Senate debates

Thursday, 3 December 2015

Committees

Economics References Committee; Report

4:18 pm

Photo of Doug CameronDoug Cameron (NSW, Australian Labor Party, Shadow Minister for Human Services) Share this | Hansard source

On behalf of the Chair of the Economic References Committee, I present the report on insolvency in the Australian construction industry, together with the Hansard record of proceedings and documents presented to the committee.

Ordered that the report be printed.

I move:

That the Senate take note of the report.

This is a report that has arisen as a result of the huge number of insolvencies in the building and construction industry. The building and construction industry comprises about 10 per cent of gross domestic product and 10 per cent of employment. This industry represents 20 to 25 per cent of all insolvencies, and the insolvencies leave approximately $3 billion worth of insolvent debt each year. This insolvent debt has huge economic, huge productivity and, more importantly, huge social consequences for participants in the industry. Small businesses in the construction industry face a higher risk than any other industry of either becoming insolvent or becoming a victim of insolvency elsewhere in the contracting chain.

We were told that this is market forces at work. This is not market forces at work in the building and construction industry; it is market failures in the industry. The failures go to the structure of the commercial construction industry, with long subcontracting chains, serious imbalances of power in contractual relationships—and Mr Acting Deputy President Sterle, you would be aware of that problem in the transport industry as well—the unconscionable and oppressive commercial practices engaged in by companies in the industry and unlawful conduct, including criminal conduct, around phoenixing operations in the industry.

There is a culture in the industry of non-compliance with the Corporations Act. As one witness said, 'The culture of the industry is like that of a battlefield: subcontractors are mowed down and fresh bodies are poured into the gaps.' These subcontractors that are mowed down are the victims of oppressive conduct from some of the major contractors in the industry. New tradespeople with very little business acumen or experience are then brought into the industry, and they are exploited in the same manner.

It is a cut-throat industry which is characterised by widespread nonpayment of subcontractors for the work that they have done; zero and negative margin tendering; concentration of market power in the hands of dominant head contractors; and an almost complete lack of respect for the principle that anyone who performs work in accordance with their contract is entitled to be paid for that work. If you do the work, you should be paid. The structure of this industry means that that cannot be guaranteed for anyone in the industry. It is a huge problem that this industry faces.

As well as the catastrophic economic effects of the high rate of insolvency, the inquiry heard compelling evidence of the social effects, including family breakdowns, mental illness, homelessness and suicide attributable to the immense commercial and financial pressures being placed on small businesses in the industry. We had the son of a very successful contractor in Perth, Western Australia, who was not paid for the work that his company had done on a major project in Western Australia, and that successful businessman ended up committing suicide because of the pressures that were placed on him and his family arising from the culture that applies in the industry. There is a complete lack of respect for the principle that anyone who does the work should be paid. And the concentration of the market power in the hands of the dominant head contractors results in fear and intimidation in the industry. Contractors are fearful that, if they get offside with the major contractor, they will never get another job in the industry. This is an untenable position, and the committee looked at all of these issues in great detail.

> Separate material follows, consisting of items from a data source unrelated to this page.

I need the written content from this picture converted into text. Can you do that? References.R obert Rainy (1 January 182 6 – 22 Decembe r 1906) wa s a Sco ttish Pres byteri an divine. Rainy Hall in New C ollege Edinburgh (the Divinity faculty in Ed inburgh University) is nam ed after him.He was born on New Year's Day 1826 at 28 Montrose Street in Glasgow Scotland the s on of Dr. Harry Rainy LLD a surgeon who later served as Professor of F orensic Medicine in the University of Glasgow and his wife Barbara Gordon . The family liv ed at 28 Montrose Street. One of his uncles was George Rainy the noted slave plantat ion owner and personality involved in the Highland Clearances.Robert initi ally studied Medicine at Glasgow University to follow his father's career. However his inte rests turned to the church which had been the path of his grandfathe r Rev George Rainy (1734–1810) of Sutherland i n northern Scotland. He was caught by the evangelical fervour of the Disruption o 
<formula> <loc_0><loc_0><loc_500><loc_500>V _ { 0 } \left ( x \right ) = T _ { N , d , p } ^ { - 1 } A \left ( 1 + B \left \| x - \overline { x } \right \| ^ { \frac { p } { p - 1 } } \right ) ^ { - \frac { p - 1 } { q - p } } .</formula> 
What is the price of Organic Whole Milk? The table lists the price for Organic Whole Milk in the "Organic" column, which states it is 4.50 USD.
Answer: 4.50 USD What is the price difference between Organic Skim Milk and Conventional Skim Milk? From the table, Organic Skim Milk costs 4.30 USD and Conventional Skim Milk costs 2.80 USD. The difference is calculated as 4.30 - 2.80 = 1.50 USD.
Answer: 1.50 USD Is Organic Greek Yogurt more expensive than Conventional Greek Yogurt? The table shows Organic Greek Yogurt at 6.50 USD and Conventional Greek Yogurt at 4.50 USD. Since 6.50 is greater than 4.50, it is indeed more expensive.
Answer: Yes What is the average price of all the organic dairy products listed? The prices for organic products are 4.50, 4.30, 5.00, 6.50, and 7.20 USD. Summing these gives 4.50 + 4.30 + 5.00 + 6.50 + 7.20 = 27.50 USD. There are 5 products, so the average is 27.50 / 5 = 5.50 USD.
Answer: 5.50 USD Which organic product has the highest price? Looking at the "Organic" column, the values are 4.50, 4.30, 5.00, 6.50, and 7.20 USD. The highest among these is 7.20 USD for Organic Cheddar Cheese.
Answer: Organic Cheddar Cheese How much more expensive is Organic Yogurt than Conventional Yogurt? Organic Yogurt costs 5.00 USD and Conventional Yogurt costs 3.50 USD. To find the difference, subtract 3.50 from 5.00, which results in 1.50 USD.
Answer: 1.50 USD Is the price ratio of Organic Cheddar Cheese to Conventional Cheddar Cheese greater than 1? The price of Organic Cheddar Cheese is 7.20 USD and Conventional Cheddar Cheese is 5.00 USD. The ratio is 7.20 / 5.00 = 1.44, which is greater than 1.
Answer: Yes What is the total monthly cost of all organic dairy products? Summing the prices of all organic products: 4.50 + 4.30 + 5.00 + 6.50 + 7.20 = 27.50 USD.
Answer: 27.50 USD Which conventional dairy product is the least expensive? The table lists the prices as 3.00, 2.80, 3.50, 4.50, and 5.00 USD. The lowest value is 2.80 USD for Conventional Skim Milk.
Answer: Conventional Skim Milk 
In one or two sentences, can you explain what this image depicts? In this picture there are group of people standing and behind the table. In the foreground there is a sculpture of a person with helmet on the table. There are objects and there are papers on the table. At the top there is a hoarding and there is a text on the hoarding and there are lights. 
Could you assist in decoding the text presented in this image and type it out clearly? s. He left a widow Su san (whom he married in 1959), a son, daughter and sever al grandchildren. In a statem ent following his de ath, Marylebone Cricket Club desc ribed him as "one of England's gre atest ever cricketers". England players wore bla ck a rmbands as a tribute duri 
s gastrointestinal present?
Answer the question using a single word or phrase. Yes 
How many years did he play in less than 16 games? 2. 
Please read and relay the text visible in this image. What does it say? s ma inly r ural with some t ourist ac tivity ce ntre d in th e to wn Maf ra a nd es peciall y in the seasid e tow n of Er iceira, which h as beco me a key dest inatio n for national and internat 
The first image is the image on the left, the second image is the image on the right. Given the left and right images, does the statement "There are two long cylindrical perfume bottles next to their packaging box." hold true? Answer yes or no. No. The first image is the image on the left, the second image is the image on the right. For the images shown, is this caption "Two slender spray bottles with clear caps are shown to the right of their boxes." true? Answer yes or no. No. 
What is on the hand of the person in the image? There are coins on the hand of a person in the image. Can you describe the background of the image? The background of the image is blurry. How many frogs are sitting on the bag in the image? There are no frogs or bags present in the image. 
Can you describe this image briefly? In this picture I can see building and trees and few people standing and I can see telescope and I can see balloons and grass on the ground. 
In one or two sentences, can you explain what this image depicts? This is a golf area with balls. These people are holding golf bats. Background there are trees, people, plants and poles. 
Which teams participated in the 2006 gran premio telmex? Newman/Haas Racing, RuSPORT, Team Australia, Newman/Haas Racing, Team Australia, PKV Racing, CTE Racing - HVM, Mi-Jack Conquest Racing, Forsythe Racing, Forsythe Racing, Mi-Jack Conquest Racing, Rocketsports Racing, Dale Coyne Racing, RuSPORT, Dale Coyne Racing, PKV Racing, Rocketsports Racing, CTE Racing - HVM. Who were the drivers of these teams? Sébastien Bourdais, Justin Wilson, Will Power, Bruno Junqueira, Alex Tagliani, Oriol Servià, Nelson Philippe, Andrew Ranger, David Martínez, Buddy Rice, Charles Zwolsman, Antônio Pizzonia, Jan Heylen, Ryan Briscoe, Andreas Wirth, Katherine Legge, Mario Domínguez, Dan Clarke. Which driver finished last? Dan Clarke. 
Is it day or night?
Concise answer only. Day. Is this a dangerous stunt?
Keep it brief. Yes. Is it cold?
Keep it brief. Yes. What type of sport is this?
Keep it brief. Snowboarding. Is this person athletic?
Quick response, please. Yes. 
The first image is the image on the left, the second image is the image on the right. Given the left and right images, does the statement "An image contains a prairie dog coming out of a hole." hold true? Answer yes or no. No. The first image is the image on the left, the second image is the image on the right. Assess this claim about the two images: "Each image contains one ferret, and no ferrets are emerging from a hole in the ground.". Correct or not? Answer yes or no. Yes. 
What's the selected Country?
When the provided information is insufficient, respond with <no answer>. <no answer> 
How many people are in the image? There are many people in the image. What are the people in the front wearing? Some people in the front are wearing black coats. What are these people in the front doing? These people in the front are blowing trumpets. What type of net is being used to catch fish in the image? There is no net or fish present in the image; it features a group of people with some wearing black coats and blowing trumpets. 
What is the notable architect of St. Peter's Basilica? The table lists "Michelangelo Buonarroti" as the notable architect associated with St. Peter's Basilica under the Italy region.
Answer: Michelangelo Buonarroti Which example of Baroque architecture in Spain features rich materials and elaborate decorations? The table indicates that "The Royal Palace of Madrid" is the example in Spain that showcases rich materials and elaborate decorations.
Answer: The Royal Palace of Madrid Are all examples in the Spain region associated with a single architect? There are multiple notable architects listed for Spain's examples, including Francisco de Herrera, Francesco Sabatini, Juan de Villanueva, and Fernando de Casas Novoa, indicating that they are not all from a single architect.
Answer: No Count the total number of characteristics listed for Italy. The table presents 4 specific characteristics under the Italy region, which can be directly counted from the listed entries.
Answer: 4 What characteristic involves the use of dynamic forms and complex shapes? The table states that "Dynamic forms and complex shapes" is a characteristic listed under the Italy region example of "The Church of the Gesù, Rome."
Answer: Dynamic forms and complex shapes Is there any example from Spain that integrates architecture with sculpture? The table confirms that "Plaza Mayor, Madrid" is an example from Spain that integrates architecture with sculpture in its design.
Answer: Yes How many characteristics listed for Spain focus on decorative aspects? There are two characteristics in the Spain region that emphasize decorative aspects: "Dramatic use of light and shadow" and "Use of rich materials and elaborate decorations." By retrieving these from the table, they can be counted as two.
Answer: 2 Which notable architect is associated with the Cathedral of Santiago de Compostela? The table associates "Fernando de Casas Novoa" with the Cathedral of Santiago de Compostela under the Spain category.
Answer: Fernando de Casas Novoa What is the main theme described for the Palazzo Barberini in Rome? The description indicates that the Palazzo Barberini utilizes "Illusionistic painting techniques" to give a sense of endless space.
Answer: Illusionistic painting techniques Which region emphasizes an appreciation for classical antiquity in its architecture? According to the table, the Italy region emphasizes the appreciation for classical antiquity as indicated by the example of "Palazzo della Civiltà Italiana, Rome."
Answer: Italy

The other concern is the illegal phoenix activity in the industry. As you are aware, phoenix activity is simply tendering for work at lower than the price that you should pay and ending up in a position where you go bankrupt, you do not pay your debts, you do not pay out your contractors that have done the work, the contractors end up carrying the cost and then that company 'phoenixes'—it comes from the ashes, sets up again and becomes a company that operates as if nothing had happened. They are immune from any serious activity by the regulators in the industry, because the regulators do not have the resources to deal with this issue. The committee heard that there is a culture developing in the industry in which some company directors consider compliance with the corporations law as optional, because the consequences of noncompliance are so mild and the likelihood that illegal conduct will be detected is so low.

Cash flow problems and uncertainty around contractual payments provide little incentive to invest in innovative construction methods, capital equipment and workforce skills. The construction industry consistently ranks in the three least innovative industries in the country.    Latest ABS data indicates only one-third of all construction businesses could be classified as 'innovation active'. Less than 15 per cent of construction businesses have innovation in development. This is a tragic position. It means that productivity is reduced. It means that employment is down. It means that profitability goes down because the structure of the industry is such that the big end of town grabs all the cream and it is not shared. The benefits of being in the industry are not shared effectively through the industry. In fact, if you do the work, there is no guarantee that you will get paid. The committee came up with 44 recommendations to try and deal with this problem. This is not the first time this issue has been considered, either at state or federal level. Even the Cole royal commission looked at this issue and came up with some views in relation to what was happening in the industry on this issue.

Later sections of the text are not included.